Charlie uncurled her stiff, reluctant fingers and slid her sweaty right palm off the ladder. She tugged the swag out from under her arm and set it on top. Yes. Good. Except there was something white fluttering down. A gardenia. It hit Lila on the head and then fell to the ground.
"Really?" Lila said, narrowing her eyes. "Come down from there so I can fix that. And tell me what's going on already."
On the one hand, Charlie couldn't wait to get off the ladder. On the other, maybe it was good there was some distance between herself and Lila. "Geoff is being sent overseas on a military assignment. So he just dropped out of the wedding," she said. "They're going to need another groomsman." The words hung in the air between them.
"What did you say?"
Charlie looked down at Lila's stunned face. "I'm pretty sure you heard me. And Bridezilla is freaking out about the lack of human symmetry in her big show. Somehow, I'm supposed to pull a groomsman outta my-"
Lila was shaking her head. "No."
Charlie sighed. "Got any ideas?"
"No. This is not happening. I'm an event planner. Not a magician."

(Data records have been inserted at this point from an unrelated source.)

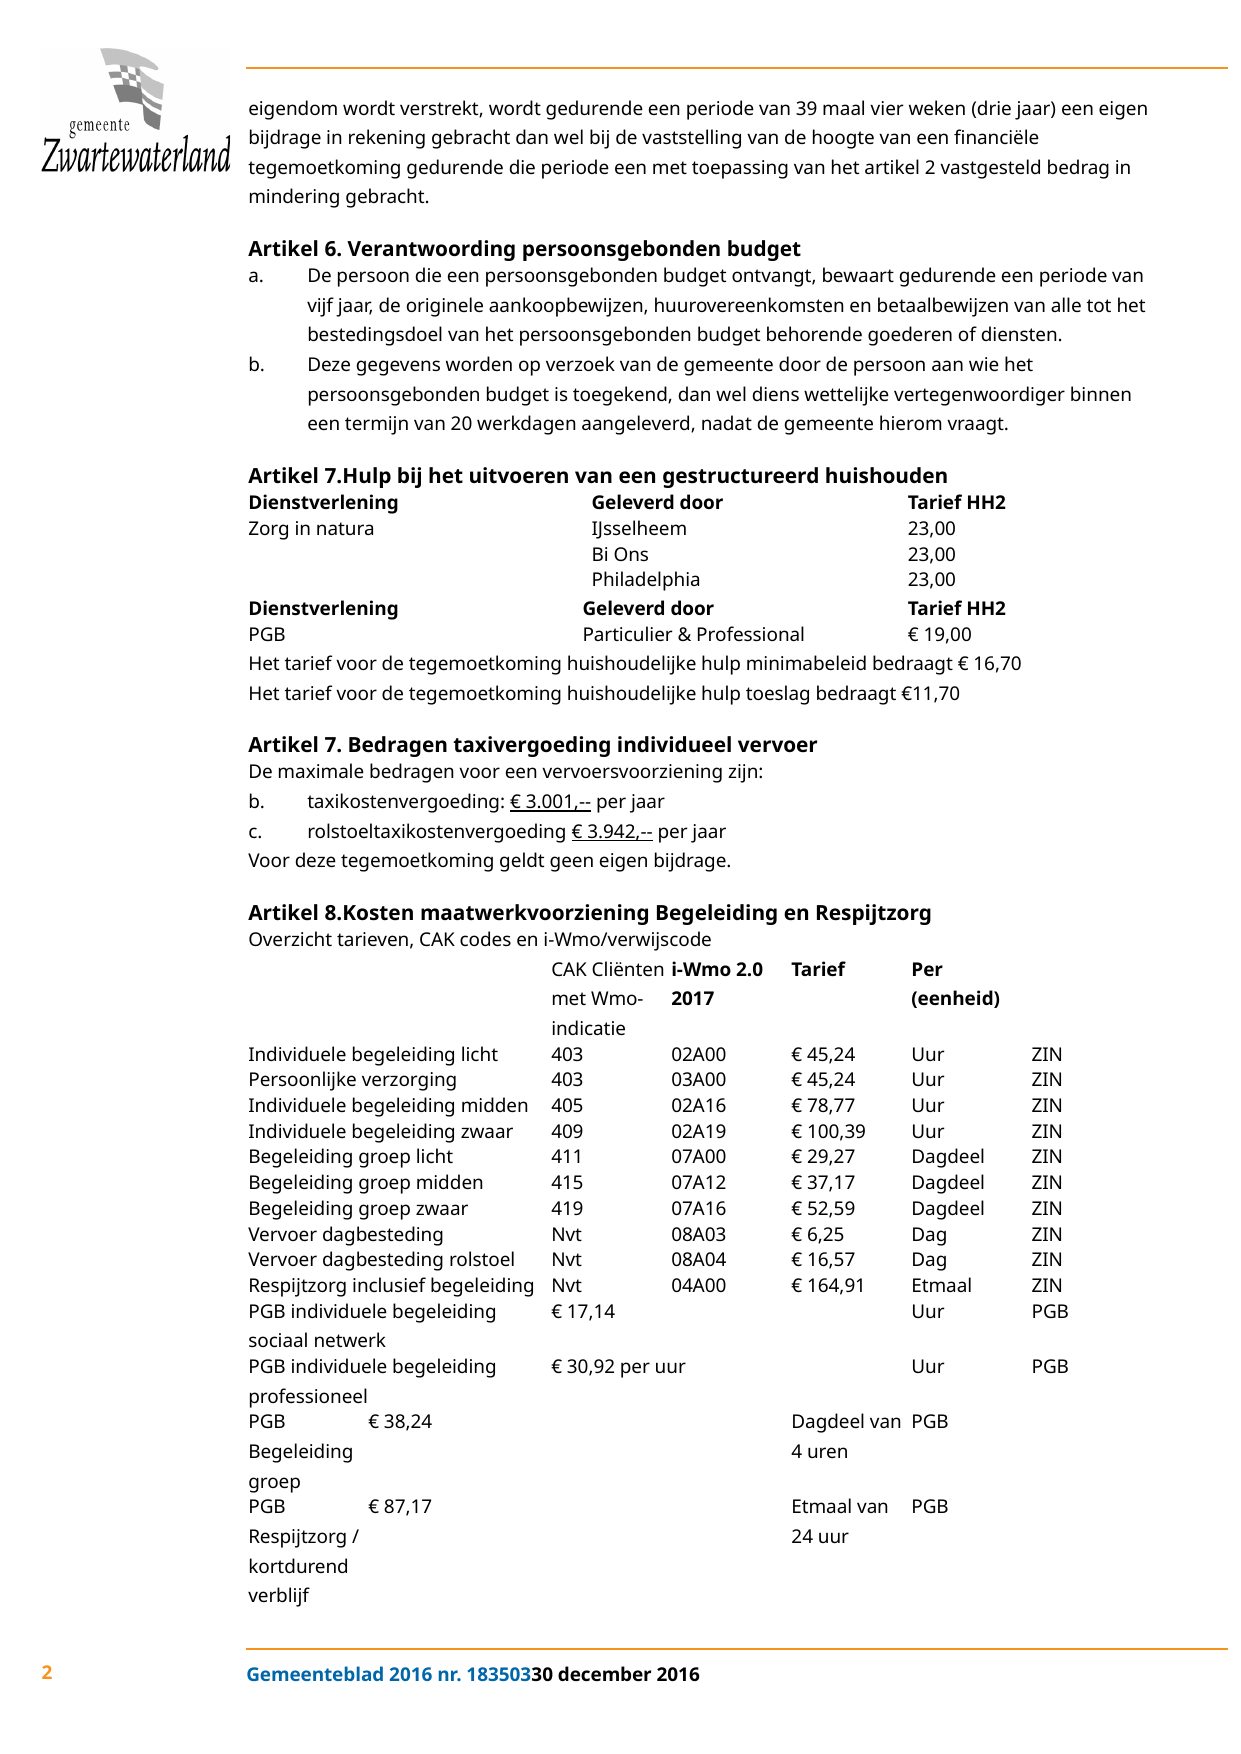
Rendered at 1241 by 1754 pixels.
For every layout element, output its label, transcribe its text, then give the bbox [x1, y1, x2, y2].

text Overzicht tarieven, CAK codes en i-Wmo/verwijscode [248, 926, 1152, 952]
table_cell Zorg in natura [248, 515, 591, 541]
table_cell Etmaal van 24 uur [791, 1494, 911, 1608]
table_header Geleverd door [582, 596, 908, 621]
table_cell Particulier & Professional [582, 621, 908, 647]
text Artikel 7.Hulp bij het uitvoeren van een gestructureerd huishouden [248, 461, 1152, 489]
table_cell Dagdeel van 4 uren [791, 1409, 911, 1494]
table_header Tarief HH2 [908, 596, 1152, 621]
table_cell 419 [551, 1195, 671, 1221]
text Artikel 7. Bedragen taxivergoeding individueel vervoer [248, 730, 1152, 759]
table_cell Dag [911, 1221, 1031, 1247]
table_cell € 45,24 [791, 1041, 911, 1067]
table_cell 07A12 [671, 1170, 791, 1195]
table_cell ZIN [1031, 1170, 1152, 1195]
table_cell € 6,25 [791, 1221, 911, 1247]
table_cell Uur [911, 1092, 1031, 1118]
table_cell ZIN [1031, 1092, 1152, 1118]
table_cell Persoonlijke verzorging [248, 1067, 551, 1092]
table_cell 03A00 [671, 1067, 791, 1092]
table_cell Nvt [551, 1273, 671, 1298]
text Artikel 8.Kosten maatwerkvoorziening Begeleiding en Respijtzorg [248, 898, 1152, 926]
table_header CAK Cliënten met Wmo-indicatie [551, 956, 671, 1041]
table_cell Etmaal [911, 1273, 1031, 1298]
table_cell ZIN [1031, 1041, 1152, 1067]
table_cell 08A03 [671, 1221, 791, 1247]
table_header Geleverd door [591, 489, 908, 515]
table_cell € 78,77 [791, 1092, 911, 1118]
table_cell Begeleiding groep midden [248, 1170, 551, 1195]
table_cell ZIN [1031, 1247, 1152, 1272]
table_cell [248, 566, 591, 592]
table_header Tarief HH2 [908, 489, 1152, 515]
table_cell Dag [911, 1247, 1031, 1272]
table_cell Bi Ons [591, 541, 908, 566]
table_cell PGB [911, 1494, 1031, 1608]
table_cell Begeleiding groep licht [248, 1144, 551, 1169]
table_cell ZIN [1031, 1221, 1152, 1247]
table_cell ZIN [1031, 1195, 1152, 1221]
table_cell PGB individuele begeleiding sociaal netwerk [248, 1298, 551, 1353]
table_cell 02A16 [671, 1092, 791, 1118]
text Voor deze tegemoetkoming geldt geen eigen bijdrage. [248, 847, 1152, 873]
table_cell Nvt [551, 1221, 671, 1247]
table_cell € 29,27 [791, 1144, 911, 1169]
table_cell Dagdeel [911, 1144, 1031, 1169]
table_cell ZIN [1031, 1144, 1152, 1169]
table_cell Individuele begeleiding midden [248, 1092, 551, 1118]
table_cell PGB [248, 621, 582, 647]
table_cell ZIN [1031, 1273, 1152, 1298]
table_header [248, 956, 551, 1041]
table_cell Respijtzorg inclusief begeleiding [248, 1273, 551, 1298]
table_header Per (eenheid) [911, 956, 1031, 1041]
table_cell Uur [911, 1041, 1031, 1067]
table_header Dienstverlening [248, 489, 591, 515]
table_cell IJsselheem [591, 515, 908, 541]
table_cell 02A19 [671, 1118, 791, 1144]
list De persoon die een persoonsgebonden budget ontvangt, bewaart gedurende een periode van vijf jaar, de originele aankoopbewijzen, huurovereenkomsten en betaalbewijzen van alle tot het bestedingsdoel van het persoonsgebonden budget behorende goederen of diensten. [248, 262, 1152, 347]
table_cell 23,00 [908, 541, 1152, 566]
table_cell € 45,24 [791, 1067, 911, 1092]
table_cell Uur [911, 1118, 1031, 1144]
table_cell € 52,59 [791, 1195, 911, 1221]
table_cell 403 [551, 1067, 671, 1092]
table_cell 08A04 [671, 1247, 791, 1272]
list rolstoeltaxikostenvergoeding € 3.942,-- per jaar [248, 818, 1152, 843]
table_cell 04A00 [671, 1273, 791, 1298]
table_cell € 30,92 per uur [551, 1354, 911, 1409]
table_cell 415 [551, 1170, 671, 1195]
table_cell € 37,17 [791, 1170, 911, 1195]
table_cell PGB [1031, 1298, 1152, 1353]
table_cell Vervoer dagbesteding rolstoel [248, 1247, 551, 1272]
table_cell PGB [1031, 1354, 1152, 1409]
table_cell PGB Respijtzorg / kortdurend verblijf [248, 1494, 368, 1608]
table_cell € 164,91 [791, 1273, 911, 1298]
text De maximale bedragen voor een vervoersvoorziening zijn: [248, 759, 1152, 784]
table_cell Begeleiding groep zwaar [248, 1195, 551, 1221]
table_cell 411 [551, 1144, 671, 1169]
table_cell Uur [911, 1067, 1031, 1092]
table_cell 403 [551, 1041, 671, 1067]
table_cell € 87,17 [368, 1494, 791, 1608]
table_cell 02A00 [671, 1041, 791, 1067]
table_cell 07A00 [671, 1144, 791, 1169]
picture [41, 47, 231, 172]
table_cell ZIN [1031, 1118, 1152, 1144]
table_cell Dagdeel [911, 1195, 1031, 1221]
table_cell 409 [551, 1118, 671, 1144]
table_cell 23,00 [908, 566, 1152, 592]
table_cell ZIN [1031, 1067, 1152, 1092]
text eigendom wordt verstrekt, wordt gedurende een periode van 39 maal vier weken (drie jaar) een eigen bijdrage in rekening gebracht dan wel bij de vaststelling van de hoogte van een financiële tegemoetkoming gedurende die periode een met toepassing van het artikel 2 vastgesteld bedrag in mindering gebracht. [248, 95, 1152, 209]
table_header i-Wmo 2.0 2017 [671, 956, 791, 1041]
table_cell PGB individuele begeleiding professioneel [248, 1354, 551, 1409]
table_cell Vervoer dagbesteding [248, 1221, 551, 1247]
table_cell € 38,24 [368, 1409, 791, 1494]
list Deze gegevens worden op verzoek van de gemeente door de persoon aan wie het persoonsgebonden budget is toegekend, dan wel diens wettelijke vertegenwoordiger binnen een termijn van 20 werkdagen aangeleverd, nadat de gemeente hierom vraagt. [248, 351, 1152, 436]
table_cell Uur [911, 1354, 1031, 1409]
table_cell € 16,57 [791, 1247, 911, 1272]
table_header [1031, 956, 1152, 1041]
table_cell € 19,00 [908, 621, 1152, 647]
table_cell € 17,14 [551, 1298, 911, 1353]
table_cell Dagdeel [911, 1170, 1031, 1195]
table_cell [248, 541, 591, 566]
table_cell PGB Begeleiding groep [248, 1409, 368, 1494]
table_header Dienstverlening [248, 596, 582, 621]
table_cell 07A16 [671, 1195, 791, 1221]
table_cell Individuele begeleiding licht [248, 1041, 551, 1067]
table_cell Nvt [551, 1247, 671, 1272]
table_cell 23,00 [908, 515, 1152, 541]
table_cell Individuele begeleiding zwaar [248, 1118, 551, 1144]
table_cell PGB [911, 1409, 1031, 1494]
table_header Tarief [791, 956, 911, 1041]
table_cell € 100,39 [791, 1118, 911, 1144]
text Artikel 6. Verantwoording persoonsgebonden budget [248, 234, 1152, 262]
table_cell Philadelphia [591, 566, 908, 592]
list taxikostenvergoeding: € 3.001,-- per jaar [248, 788, 1152, 814]
text Het tarief voor de tegemoetkoming huishoudelijke hulp toeslag bedraagt €11,70 [248, 680, 1152, 706]
table_cell 405 [551, 1092, 671, 1118]
text Het tarief voor de tegemoetkoming huishoudelijke hulp minimabeleid bedraagt € 16,70 [248, 650, 1152, 676]
table_cell Uur [911, 1298, 1031, 1353]

"Lila? I really hate to tell you this. But you'd better grab a top hat and a rabbit, as well as a groomsman. Because Bridezilla is having a meltdown of epic proportions, and she can't take it out on her groom . . . so she's taking it out on us. I spent two hours listening to her rant and cry last night. And she'll call you next, because you're her wedding planner by default; you come free with the site rental."
As if on cue, Lila's cell phone started ringing to a barking dog theme.
Forgetting her fear of the ladder, Charlie covered her involuntary smirk with one hand.
"I'm out of battery," said Lila, looking at her phone as if it were a snake. "I'm on another call. No, I'm on another planet."
Bark, bark, bark.
"I have supplied porta-potties, pink doves, and even a stand-in wedding ring," she continued. "But I cannot pull a groomsman out of my behind. It's not possible."
Bark, bark, bark.
Charlie put her hand back on the ladder and inched down it step by step until she safely reached the ground.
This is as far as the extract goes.